[Data extracted from a collection]

━━━━━━━━━━

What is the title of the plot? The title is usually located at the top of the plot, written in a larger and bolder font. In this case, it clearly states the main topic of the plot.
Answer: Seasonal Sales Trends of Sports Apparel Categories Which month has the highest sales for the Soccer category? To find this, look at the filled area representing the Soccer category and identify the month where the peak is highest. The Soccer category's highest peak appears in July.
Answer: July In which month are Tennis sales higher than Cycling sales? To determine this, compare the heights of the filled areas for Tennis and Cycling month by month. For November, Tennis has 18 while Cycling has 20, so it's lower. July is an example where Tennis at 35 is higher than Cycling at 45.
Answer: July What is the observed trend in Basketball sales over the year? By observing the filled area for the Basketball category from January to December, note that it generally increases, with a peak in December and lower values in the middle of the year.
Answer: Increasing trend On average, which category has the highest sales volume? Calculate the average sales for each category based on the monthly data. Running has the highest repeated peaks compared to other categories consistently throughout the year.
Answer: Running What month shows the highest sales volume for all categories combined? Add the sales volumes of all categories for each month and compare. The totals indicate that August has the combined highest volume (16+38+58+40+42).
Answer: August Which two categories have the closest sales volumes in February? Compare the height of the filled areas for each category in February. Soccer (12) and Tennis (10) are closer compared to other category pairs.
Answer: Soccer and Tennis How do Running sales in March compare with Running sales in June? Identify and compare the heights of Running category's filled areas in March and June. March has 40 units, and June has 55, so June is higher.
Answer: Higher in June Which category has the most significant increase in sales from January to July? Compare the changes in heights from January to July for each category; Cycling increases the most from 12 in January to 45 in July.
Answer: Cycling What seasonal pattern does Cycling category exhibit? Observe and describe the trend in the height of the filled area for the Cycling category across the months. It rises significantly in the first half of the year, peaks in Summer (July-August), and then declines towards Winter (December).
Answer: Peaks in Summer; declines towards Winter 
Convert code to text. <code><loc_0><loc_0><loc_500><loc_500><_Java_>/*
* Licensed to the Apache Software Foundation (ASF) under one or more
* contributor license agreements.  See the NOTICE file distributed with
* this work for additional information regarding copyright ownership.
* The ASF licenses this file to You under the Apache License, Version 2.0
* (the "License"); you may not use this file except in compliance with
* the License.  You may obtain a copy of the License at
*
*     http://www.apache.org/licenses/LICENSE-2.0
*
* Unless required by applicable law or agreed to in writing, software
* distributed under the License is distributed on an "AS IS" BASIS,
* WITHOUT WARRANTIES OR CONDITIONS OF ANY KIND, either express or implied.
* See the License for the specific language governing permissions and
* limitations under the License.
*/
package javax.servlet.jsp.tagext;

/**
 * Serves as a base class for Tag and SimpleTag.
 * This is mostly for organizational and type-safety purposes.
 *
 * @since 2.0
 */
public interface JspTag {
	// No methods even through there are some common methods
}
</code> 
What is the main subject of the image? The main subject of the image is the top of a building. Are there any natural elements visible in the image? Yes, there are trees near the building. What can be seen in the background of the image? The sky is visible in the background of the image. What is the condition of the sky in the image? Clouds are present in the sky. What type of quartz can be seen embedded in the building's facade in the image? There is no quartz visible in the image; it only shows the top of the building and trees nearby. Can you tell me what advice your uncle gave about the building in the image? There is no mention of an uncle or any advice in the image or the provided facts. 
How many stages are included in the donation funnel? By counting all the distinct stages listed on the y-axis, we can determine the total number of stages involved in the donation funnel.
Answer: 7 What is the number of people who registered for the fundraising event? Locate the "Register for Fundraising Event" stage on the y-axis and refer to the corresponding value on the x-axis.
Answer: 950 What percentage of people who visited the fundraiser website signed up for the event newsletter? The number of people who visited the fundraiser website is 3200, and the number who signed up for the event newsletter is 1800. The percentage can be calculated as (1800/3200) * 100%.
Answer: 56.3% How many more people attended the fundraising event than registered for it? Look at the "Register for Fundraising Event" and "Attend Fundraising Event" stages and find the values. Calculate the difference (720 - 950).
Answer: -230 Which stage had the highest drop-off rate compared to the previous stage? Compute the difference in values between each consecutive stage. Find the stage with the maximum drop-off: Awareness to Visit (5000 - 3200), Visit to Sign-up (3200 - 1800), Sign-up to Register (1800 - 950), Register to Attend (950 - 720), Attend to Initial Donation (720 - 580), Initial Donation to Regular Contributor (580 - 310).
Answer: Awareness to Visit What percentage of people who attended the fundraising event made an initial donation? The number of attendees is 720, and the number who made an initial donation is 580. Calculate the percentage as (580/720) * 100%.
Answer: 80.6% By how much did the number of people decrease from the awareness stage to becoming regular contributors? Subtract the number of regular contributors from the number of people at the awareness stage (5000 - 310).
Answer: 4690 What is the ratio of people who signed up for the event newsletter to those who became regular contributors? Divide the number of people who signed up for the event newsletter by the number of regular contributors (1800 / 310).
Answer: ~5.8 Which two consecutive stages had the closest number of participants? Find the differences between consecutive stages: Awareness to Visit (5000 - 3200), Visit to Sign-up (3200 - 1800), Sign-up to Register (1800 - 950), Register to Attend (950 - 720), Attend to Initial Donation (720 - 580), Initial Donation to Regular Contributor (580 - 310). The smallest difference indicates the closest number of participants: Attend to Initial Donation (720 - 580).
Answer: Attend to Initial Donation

━━━━━━━━━━

Out of the preceding entries, pull each line that contains the word "stages".

How many stages are included in the donation funnel? By counting all the distinct stages listed on the y-axis, we can determine the total number of stages involved in the donation funnel.
Answer: 56.3% How many more people attended the fundraising event than registered for it? Look at the "Register for Fundraising Event" and "Attend Fundraising Event" stages and find the values. Calculate the difference (720 - 950).
Answer: ~5.8 Which two consecutive stages had the closest number of participants? Find the differences between consecutive stages: Awareness to Visit (5000 - 3200), Visit to Sign-up (3200 - 1800), Sign-up to Register (1800 - 950), Register to Attend (950 - 720), Attend to Initial Donation (720 - 580), Initial Donation to Regular Contributor (580 - 310). The smallest difference indicates the closest number of participants: Attend to Initial Donation (720 - 580).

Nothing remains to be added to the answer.